*** Opening Records for this task ***
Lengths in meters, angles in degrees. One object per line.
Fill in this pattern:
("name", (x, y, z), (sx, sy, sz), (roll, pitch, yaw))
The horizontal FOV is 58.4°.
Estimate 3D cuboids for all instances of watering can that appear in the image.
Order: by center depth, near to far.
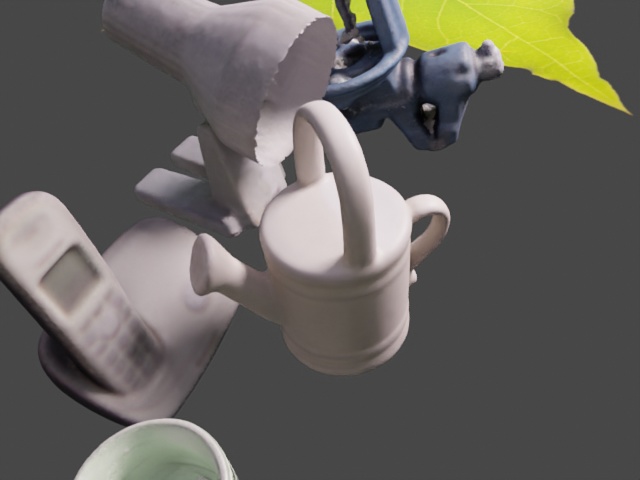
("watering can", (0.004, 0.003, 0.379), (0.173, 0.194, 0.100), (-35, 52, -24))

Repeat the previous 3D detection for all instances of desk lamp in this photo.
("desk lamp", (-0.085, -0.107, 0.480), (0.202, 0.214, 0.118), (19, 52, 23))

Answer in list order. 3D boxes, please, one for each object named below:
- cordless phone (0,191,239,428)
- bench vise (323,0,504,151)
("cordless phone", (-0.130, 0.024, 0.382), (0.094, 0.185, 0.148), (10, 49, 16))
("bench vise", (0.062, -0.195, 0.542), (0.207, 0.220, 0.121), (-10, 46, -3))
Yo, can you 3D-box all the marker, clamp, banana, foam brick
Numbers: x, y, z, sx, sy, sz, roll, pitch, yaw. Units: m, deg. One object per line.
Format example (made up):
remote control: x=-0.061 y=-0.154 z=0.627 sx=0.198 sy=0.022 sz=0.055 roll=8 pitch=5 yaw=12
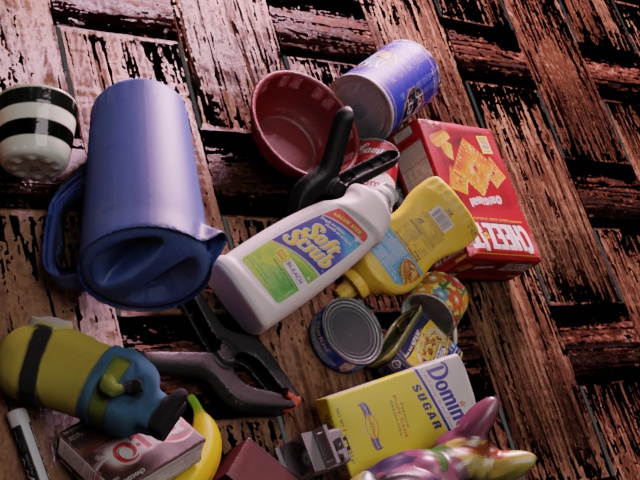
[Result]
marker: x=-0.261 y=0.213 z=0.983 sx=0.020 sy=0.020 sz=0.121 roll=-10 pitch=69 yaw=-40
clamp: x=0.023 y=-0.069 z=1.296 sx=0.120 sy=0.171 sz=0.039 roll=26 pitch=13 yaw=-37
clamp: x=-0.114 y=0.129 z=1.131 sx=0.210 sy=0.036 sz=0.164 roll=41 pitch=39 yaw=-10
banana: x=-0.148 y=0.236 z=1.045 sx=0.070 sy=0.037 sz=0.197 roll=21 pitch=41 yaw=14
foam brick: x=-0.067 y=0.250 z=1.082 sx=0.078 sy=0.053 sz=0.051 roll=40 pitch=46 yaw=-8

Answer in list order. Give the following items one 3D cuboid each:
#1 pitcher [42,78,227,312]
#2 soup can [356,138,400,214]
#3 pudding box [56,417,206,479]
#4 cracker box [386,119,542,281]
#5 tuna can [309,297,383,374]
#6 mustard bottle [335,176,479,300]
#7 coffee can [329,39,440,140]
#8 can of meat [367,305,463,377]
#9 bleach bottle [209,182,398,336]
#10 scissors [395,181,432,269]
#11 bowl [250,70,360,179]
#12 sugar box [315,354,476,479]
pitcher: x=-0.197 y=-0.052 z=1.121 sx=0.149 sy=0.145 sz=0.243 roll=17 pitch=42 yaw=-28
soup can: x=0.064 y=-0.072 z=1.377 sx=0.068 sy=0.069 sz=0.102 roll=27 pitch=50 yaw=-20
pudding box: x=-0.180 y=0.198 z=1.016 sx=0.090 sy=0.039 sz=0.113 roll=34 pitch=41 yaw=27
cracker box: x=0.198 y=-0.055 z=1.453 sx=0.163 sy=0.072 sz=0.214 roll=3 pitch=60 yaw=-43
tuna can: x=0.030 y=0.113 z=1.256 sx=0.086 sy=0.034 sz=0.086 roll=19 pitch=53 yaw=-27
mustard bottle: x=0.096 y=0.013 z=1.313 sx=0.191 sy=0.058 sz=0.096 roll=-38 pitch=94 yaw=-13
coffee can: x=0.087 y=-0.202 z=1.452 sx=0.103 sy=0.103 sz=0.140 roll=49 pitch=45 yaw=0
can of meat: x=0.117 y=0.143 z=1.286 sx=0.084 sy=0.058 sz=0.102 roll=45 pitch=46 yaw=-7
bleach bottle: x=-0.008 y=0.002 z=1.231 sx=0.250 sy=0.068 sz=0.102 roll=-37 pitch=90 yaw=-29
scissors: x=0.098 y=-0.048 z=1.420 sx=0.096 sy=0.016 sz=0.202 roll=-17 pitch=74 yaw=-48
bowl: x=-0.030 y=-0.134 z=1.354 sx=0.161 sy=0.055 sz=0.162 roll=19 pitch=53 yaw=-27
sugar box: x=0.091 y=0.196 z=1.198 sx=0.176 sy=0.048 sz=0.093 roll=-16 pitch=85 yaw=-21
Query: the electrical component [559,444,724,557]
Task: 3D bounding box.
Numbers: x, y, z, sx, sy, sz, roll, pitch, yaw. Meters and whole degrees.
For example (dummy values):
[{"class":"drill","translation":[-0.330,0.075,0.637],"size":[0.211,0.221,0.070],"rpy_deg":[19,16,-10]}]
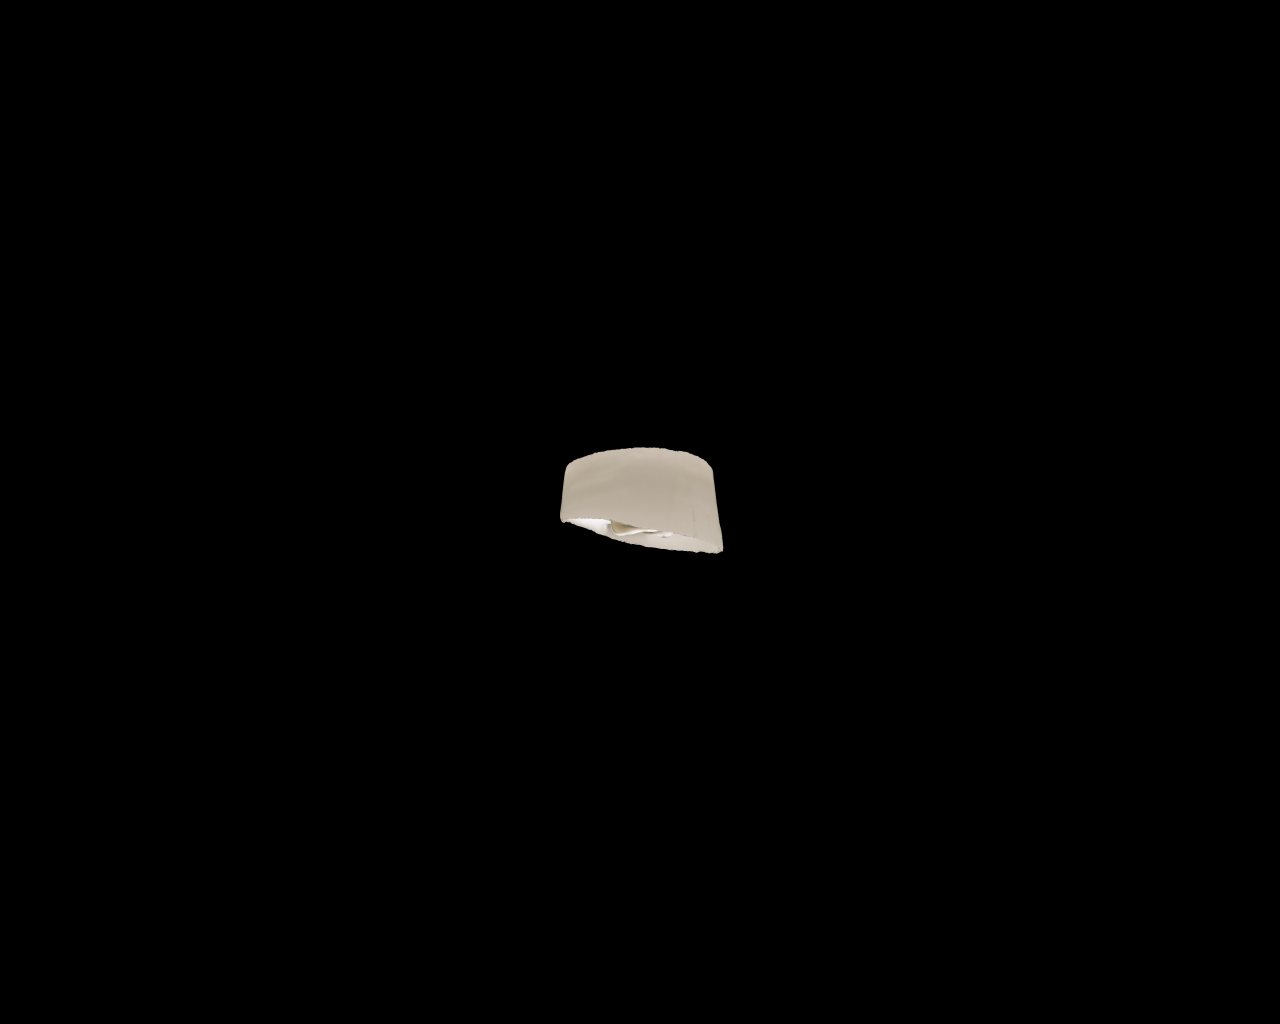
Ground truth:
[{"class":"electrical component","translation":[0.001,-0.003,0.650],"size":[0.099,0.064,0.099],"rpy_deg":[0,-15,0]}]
*** Closing Records for this task ***
• **Activity**: Find every line in the records that uses the string "object", then copy it.

• **Finished exercise**:
Lengths in meters, angles in degrees. One object per line.
Answer in list order. 3D boxes, please, one for each object named below:
Numbers: x, y, z, sx, sy, sz, roll, pitch, yaw. Units: m, deg. One object per line.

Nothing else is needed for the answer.